Problem to solve:
Only one stretch of the data below is needed. Output the lines from the one with "791, 1163, 857]" up to and including the one with "table_cell 0,0886 [785, 571, 973, 614]", exactly as they stand.

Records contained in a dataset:
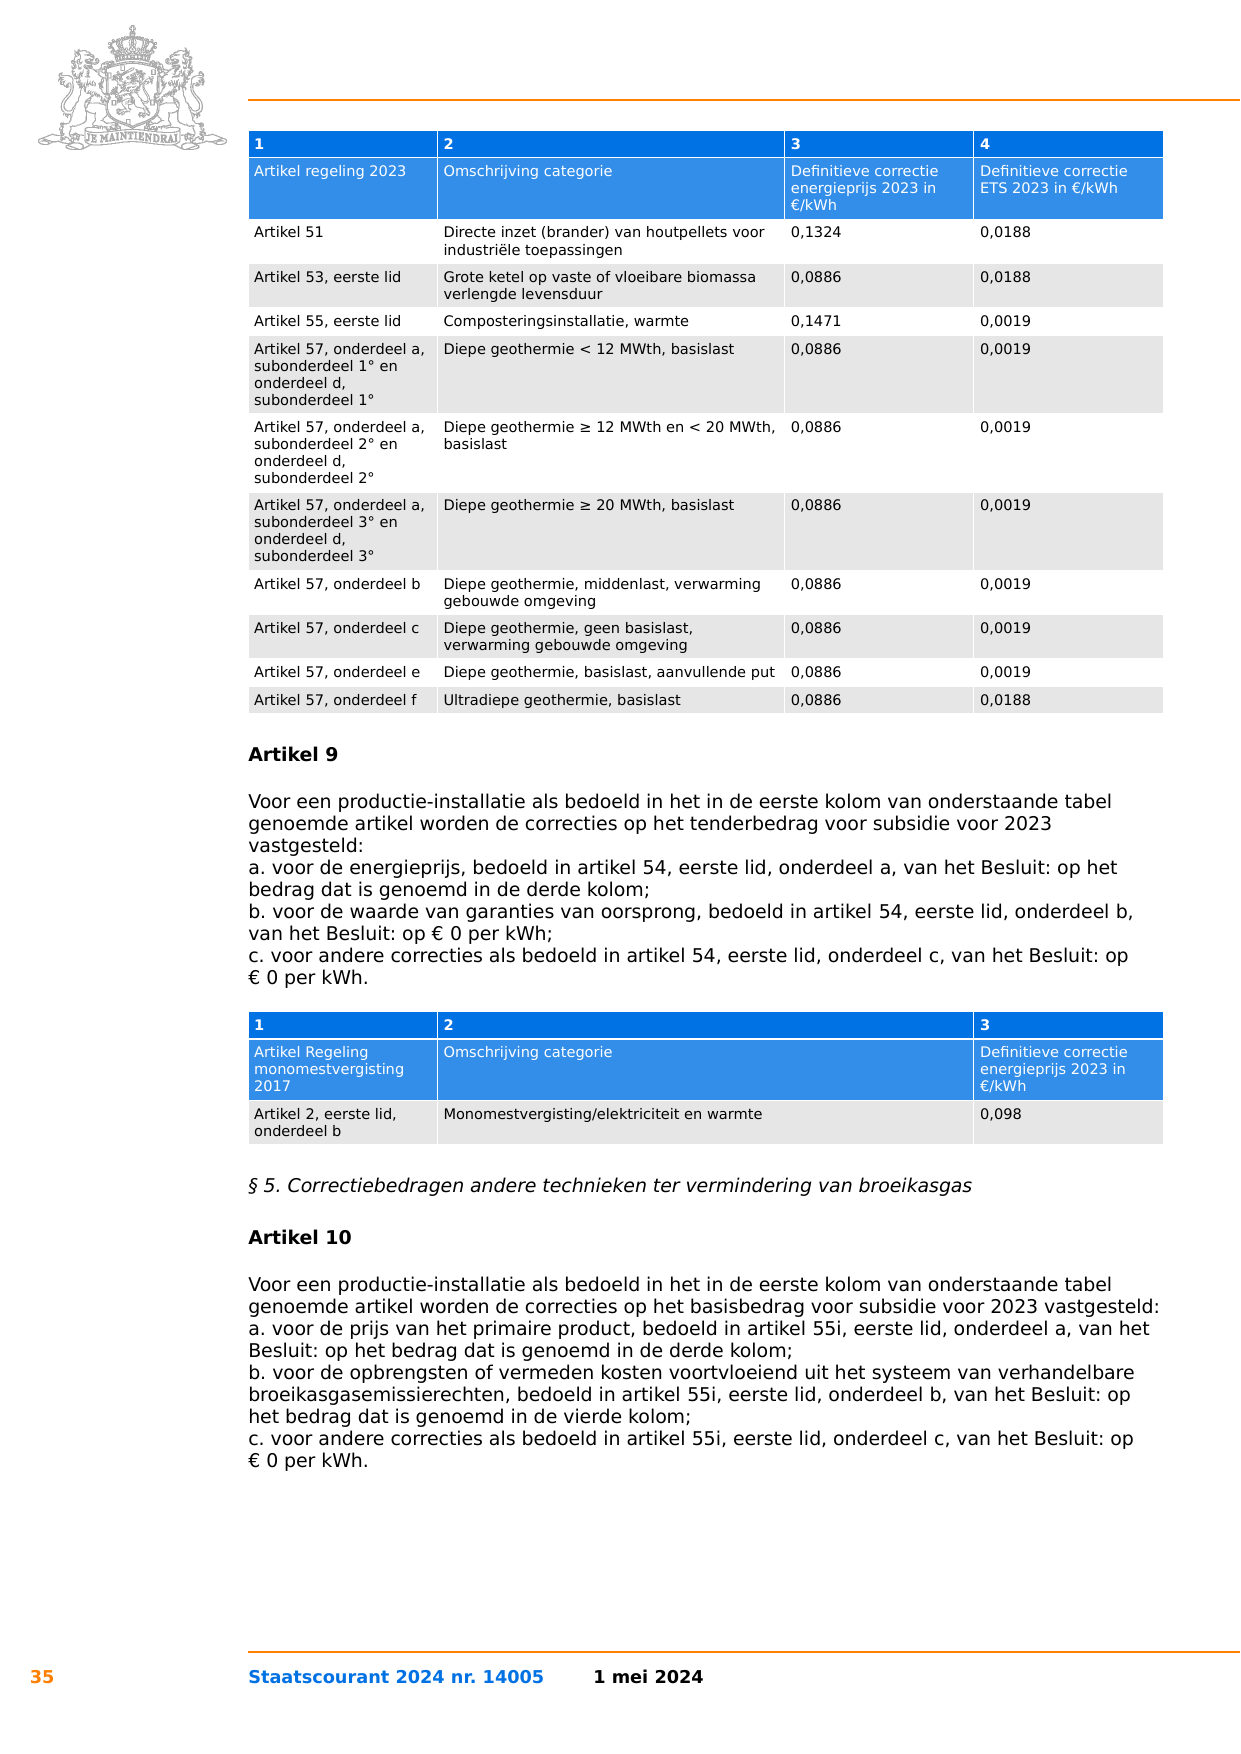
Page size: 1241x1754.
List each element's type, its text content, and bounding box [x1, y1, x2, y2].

table_cell Artikel 57, onderdeel a, subonderdeel 3° en onderdeel d, subonderdeel 3° [249, 493, 437, 570]
table_cell 0,0886 [785, 660, 973, 686]
table_cell 0,0019 [974, 493, 1163, 570]
text Voor een productie-installatie als bedoeld in het in de eerste kolom van onderstaande tabel genoemde artikel worden de correcties op het basisbedrag voor subsidie voor 2023 vastgesteld: [248, 1274, 1163, 1318]
table_cell Definitieve correctie ETS 2023 in €/kWh [974, 158, 1163, 219]
table_cell Diepe geothermie ≥ 20 MWth, basislast [438, 493, 784, 570]
table_cell 0,0886 [785, 687, 973, 713]
table_cell 0,0886 [785, 615, 973, 658]
table_cell Directe inzet (brander) van houtpellets voor industriële toepassingen [438, 220, 784, 263]
table_cell Omschrijving categorie [438, 1040, 973, 1100]
table_header 3 [974, 1012, 1163, 1038]
table_cell Artikel 2, eerste lid, onderdeel b [249, 1101, 437, 1144]
table_header 1 [249, 131, 437, 157]
table_cell Artikel 53, eerste lid [249, 264, 437, 307]
table_cell 0,0886 [785, 493, 973, 570]
text a. voor de prijs van het primaire product, bedoeld in artikel 55i, eerste lid, onderdeel a, van het Besluit: op het bedrag dat is genoemd in de derde kolom; [248, 1318, 1163, 1362]
subtitle § 5. Correctiebedragen andere technieken ter vermindering van broeikasgas [248, 1175, 1163, 1197]
subtitle Artikel 10 [248, 1227, 1163, 1249]
table_cell 0,0019 [974, 571, 1163, 614]
table_cell Artikel 57, onderdeel a, subonderdeel 2° en onderdeel d, subonderdeel 2° [249, 414, 437, 491]
table_cell Grote ketel op vaste of vloeibare biomassa verlengde levensduur [438, 264, 784, 307]
table_cell Diepe geothermie, middenlast, verwarming gebouwde omgeving [438, 571, 784, 614]
table_cell Artikel 51 [249, 220, 437, 263]
table_cell 0,0188 [974, 264, 1163, 307]
table_cell Ultradiepe geothermie, basislast [438, 687, 784, 713]
text a. voor de energieprijs, bedoeld in artikel 54, eerste lid, onderdeel a, van het Besluit: op het bedrag dat is genoemd in de derde kolom; [248, 857, 1163, 901]
subtitle Artikel 9 [248, 744, 1163, 766]
table_header 2 [438, 1012, 973, 1038]
table_cell 0,0188 [974, 220, 1163, 263]
table_cell Definitieve correctie energieprijs 2023 in €/kWh [974, 1040, 1163, 1100]
text b. voor de waarde van garanties van oorsprong, bedoeld in artikel 54, eerste lid, onderdeel b, van het Besluit: op € 0 per kWh; [248, 901, 1163, 945]
table_cell 0,0886 [785, 414, 973, 491]
table_cell Artikel 57, onderdeel c [249, 615, 437, 658]
table_cell Definitieve correctie energieprijs 2023 in €/kWh [785, 158, 973, 219]
table_cell Artikel 57, onderdeel b [249, 571, 437, 614]
table_cell 0,0019 [974, 615, 1163, 658]
table_header 4 [974, 131, 1163, 157]
table_cell Monomestvergisting/elektriciteit en warmte [438, 1101, 973, 1144]
table_cell Omschrijving categorie [438, 158, 784, 219]
table_cell Diepe geothermie ≥ 12 MWth en < 20 MWth, basislast [438, 414, 784, 491]
table_header 2 [438, 131, 784, 157]
table_cell 0,0886 [785, 264, 973, 307]
table_cell Artikel 57, onderdeel f [249, 687, 437, 713]
table_cell Diepe geothermie, basislast, aanvullende put [438, 660, 784, 686]
text c. voor andere correcties als bedoeld in artikel 54, eerste lid, onderdeel c, van het Besluit: op € 0 per kWh. [248, 945, 1163, 989]
text c. voor andere correcties als bedoeld in artikel 55i, eerste lid, onderdeel c, van het Besluit: op € 0 per kWh. [248, 1428, 1163, 1472]
table_cell Artikel 55, eerste lid [249, 309, 437, 335]
table_cell 0,098 [974, 1101, 1163, 1144]
table_cell Artikel regeling 2023 [249, 158, 437, 219]
table_cell 0,1471 [785, 309, 973, 335]
text Voor een productie-installatie als bedoeld in het in de eerste kolom van onderstaande tabel genoemde artikel worden de correcties op het tenderbedrag voor subsidie voor 2023 vastgesteld: [248, 791, 1163, 857]
table_cell 0,0019 [974, 309, 1163, 335]
table_cell 0,0019 [974, 414, 1163, 491]
table_cell Diepe geothermie, geen basislast, verwarming gebouwde omgeving [438, 615, 784, 658]
table_cell 0,0886 [785, 571, 973, 614]
table_cell 0,0188 [974, 687, 1163, 713]
table_header 3 [785, 131, 973, 157]
table_cell 0,0886 [785, 336, 973, 413]
table_cell Artikel Regeling monomestvergisting 2017 [249, 1040, 437, 1100]
table_cell Artikel 57, onderdeel e [249, 660, 437, 686]
table_cell Diepe geothermie < 12 MWth, basislast [438, 336, 784, 413]
table_cell 0,0019 [974, 336, 1163, 413]
table_cell 0,0019 [974, 660, 1163, 686]
picture [38, 25, 227, 150]
table_cell Composteringsinstallatie, warmte [438, 309, 784, 335]
table_cell Artikel 57, onderdeel a, subonderdeel 1° en onderdeel d, subonderdeel 1° [249, 336, 437, 413]
table_header 1 [249, 1012, 437, 1038]
text b. voor de opbrengsten of vermeden kosten voortvloeiend uit het systeem van verhandelbare broeikasgasemissierechten, bedoeld in artikel 55i, eerste lid, onderdeel b, van het Besluit: op het bedrag dat is genoemd in de vierde kolom; [248, 1362, 1163, 1428]
table_cell 0,1324 [785, 220, 973, 263]

Answer to the exercise:
text Voor een productie-installatie als bedoeld in het in de eerste kolom van onderstaande tabel genoemde artikel worden de correcties op het tenderbedrag voor subsidie voor 2023 vastgesteld: [248, 791, 1163, 857]
table_cell 0,0019 [974, 309, 1163, 335]
table_cell 0,0019 [974, 414, 1163, 491]
table_cell Diepe geothermie, geen basislast, verwarming gebouwde omgeving [438, 615, 784, 658]
table_cell 0,0886 [785, 571, 973, 614]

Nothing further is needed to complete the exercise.